1.3. External documentation

The core of ANNarchy is written in C++, but is completely interfaced by Python. Knowledge of the Python ecosystem is the only requirement to use ANNarchy.

1.3.1. Python

ANNarchy supports currently the version 2.7 of Python, as well as all versions higher than 3.3.

The documentation for the Python language can be found on the official Python website. It includes the language and library references, description of available packages as well as nice tutorials and FAQ.

A very nice and complete book is freely available on the Dive into Python website in various formats and languages.

1.3.2. Cython

Cython (project homepage www.cython.org) is an optimised static compiler for both the Python programming language and the extended Cython programming language (based on Pyrex). It renders writing C extensions for Python as easy as Python itself. Although most users won’t need knowledge about Cython for using ANNarchy, it may be needed for speeding up consuming functions or for linking with external C/C++ libraries.

1.3.3. NumPy

Although Python is batteries included (meaning many useful libraries are shipped with the Python interpreter), there are several external libraries which may be needed.

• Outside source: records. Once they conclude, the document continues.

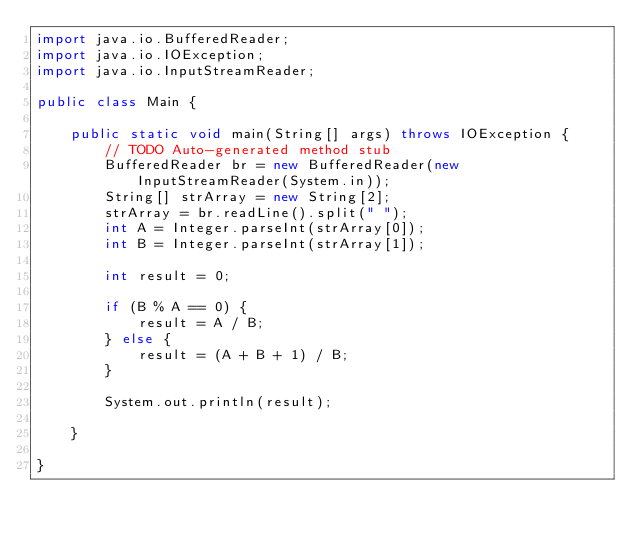<code> <loc_0><loc_0><loc_500><loc_500><_Java_>import java.io.BufferedReader;
import java.io.IOException;
import java.io.InputStreamReader;

public class Main {

	public static void main(String[] args) throws IOException {
		// TODO Auto-generated method stub
		BufferedReader br = new BufferedReader(new InputStreamReader(System.in));
		String[] strArray = new String[2];
		strArray = br.readLine().split(" ");
		int A = Integer.parseInt(strArray[0]);
		int B = Integer.parseInt(strArray[1]);

		int result = 0;

		if (B % A == 0) {
			result = A / B;
		} else {
			result = (A + B + 1) / B;
		}

		System.out.println(result);

	}

}
</code> 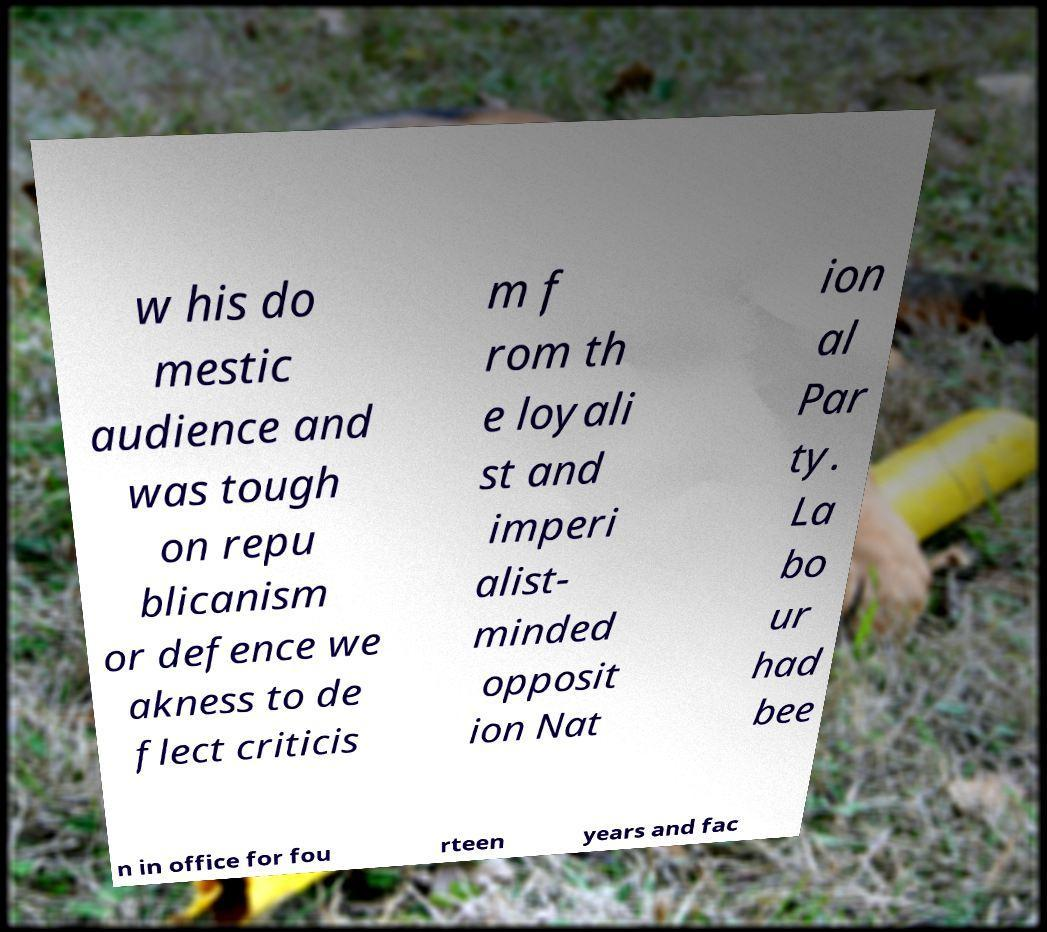For documentation purposes, I need the text within this image transcribed. Could you provide that? w his do mestic audience and was tough on repu blicanism or defence we akness to de flect criticis m f rom th e loyali st and imperi alist- minded opposit ion Nat ion al Par ty. La bo ur had bee n in office for fou rteen years and fac

ANNarchy makes use of the NumPy library for numerical computations, which is part of the SciPy package. It provides an efficient array/matrix representation, linear algebra functions (including matrix operations), statistical analysis, signal processing, etc. Using Python+SciPy advantageously replaces the proprietary software Matlab(R). Although the interface is in Python, the core operations are written in C and FORTRAN, leading to very fast and efficient computations.

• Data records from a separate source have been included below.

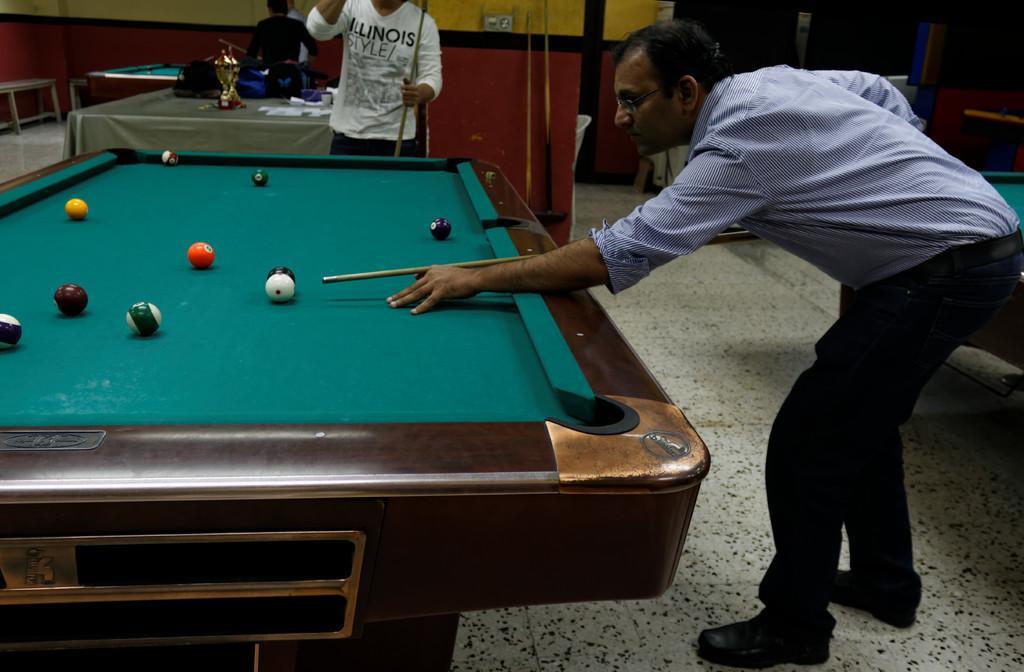Could you give a brief overview of what you see in this image? In this image, we can see some pool tables. On left side of the image, the man is holding a stick. He is playing a pool game. On top of the table, we can see few balls. Beside the table, the man is holding a stick. On top left of the image, the other table is covered with cloth and bags here, shield. And the background of the image, two people are standing near the table. 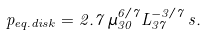<formula> <loc_0><loc_0><loc_500><loc_500>p _ { e q . d i s k } = 2 . 7 \, \mu _ { 3 0 } ^ { 6 / 7 } L _ { 3 7 } ^ { - 3 / 7 } \, s .</formula> 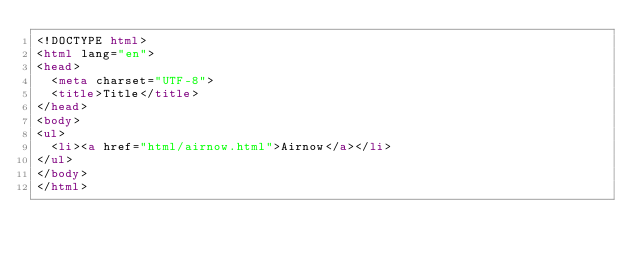Convert code to text. <code><loc_0><loc_0><loc_500><loc_500><_HTML_><!DOCTYPE html>
<html lang="en">
<head>
  <meta charset="UTF-8">
  <title>Title</title>
</head>
<body>
<ul>
  <li><a href="html/airnow.html">Airnow</a></li>
</ul>
</body>
</html>

</code>

Documentation for NumPy and SciPy can be found on the NumPy website, including reference guides and tutorials. Of particular interest is the NumPy for Matlab Users page, which compares the syntax of NumPy with Matlab.

ANNarchy relies on the array class rather than matrix. Good practice is to import NumPy in your Python code as np, to avoid overlapping naming. This is done automatically when importing ANNarchy.

As an example, if you want to create a 10*10 matrix filled with zeros, you simply have to type:

import numpy as np
A=np.zeros((10, 10))

NumPy is particularly useful when defining connection matrices or accessing variables in ANNarchy.

1.3.4. Matplotlib

To visualize the results of your simulations, one possibility is the matplotlib 2D plotting library. It combines nicely with NumPy in order to plot 1D or 2D arrays. Matplotlib is very simple to use, powerful and customizable. It can work in interactive mode and save hardcopies in various formats.

The reference manual, tutorials and many useful examples can be found on the matplotlib website. Nicolas Rougier has also written a tutorial for beginners.